If you've followed this blog for any amount of time, you'd know I read a certain amount of religious meaning in William Stafford's poetry. This is largely due to my primary interest of study being religion for the past seven years through college and seminary. For better or worse, I tend to find religious and spiritual truths in many places within the culture I live in, especially art and language.
If you've read much of William Stafford's poetry, you may have noticed he mentions religious and spiritual themes, but they are not often the main focus of his work. Stafford grew up attending various Protestant churches, and later came under the influence of Quakerism and Anabaptism. But for most of his life he lived in Oregon, one of the most secular places in America. As far as I know, he was not highly involved in any religious institution for very long; he generally shunned institutions. But he also had a keen sensibility that allowed him to intuit many spiritual truths.

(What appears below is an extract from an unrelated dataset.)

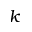Convert formula to latex. <formula><loc_0><loc_0><loc_500><loc_500>k</formula> 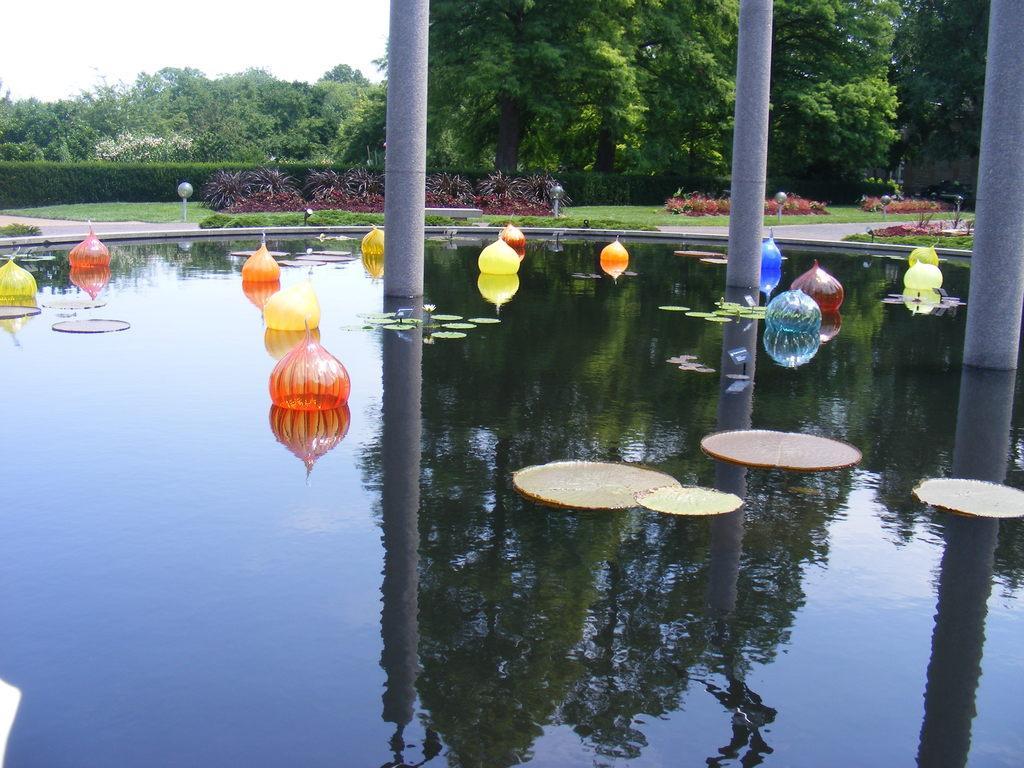Could you give a brief overview of what you see in this image? In this image we can see decoration balloons and lotus leaves are floating on the water. Here we can see the poles, shrubs, grass, light poles, trees and sky in the background.

His pacifism is perhaps the best known incarnation of his religious stance. When he spoke to his draft board in World War Two, he told them he learned in church that it was wrong to kill, and he was believed to be sincere enough to perform alternative service, working for the government in manual labor camps instead of donning a uniform and picking up a gun.
A lot of attention has been paid to Stafford's writings on peace, including a collection of poems and essays, and a documentary film based upon the collection, both works entitled "Every War Has Two Losers." Interestingly enough, not much has been said about Stafford's religious and spiritual writings. Generally he is thought to have been secular, though I wonder if he fell more along the the lines of secular Christianity, that is, believing basic principles of the faith, while not making a distinction between religious and nonreligious realms of culture. He was asked in a 1993
interview with The Paris Review if he considered himself a Christian poet. Here is his response:
I might describe myself as a religious poet whose vocabulary, reference points, and surrounding culture are phrased in Christian terms. I think I would be whatever religion there was in the society around me; it’s not the local content of the religion that possesses me, but the general attitude, the way of living that recognizes more than we know.
I have begun to read critics' views on Stafford to find what others readers have found in his work that hints toward some spiritual stance, and have found that many call him a mystic but almost always qualify it by explaining that his poems are rooted in the daily world. Stafford, then, was not interested in transcending the world, but entering into it to find "more than what we know." I have also started to identify poems and essays by Stafford that say something of his religious and spiritual views. I am also interested in researching these questions in the Stafford archives in Portland, Oregon and interviewing scholars and writers who may be familiar with this aspect of his work. Possible outcomes could be an anthology of Stafford's writings on spirituality and religion with an introduction, or a book length essay. I will see what possibilities arise. For now, I will keep reading.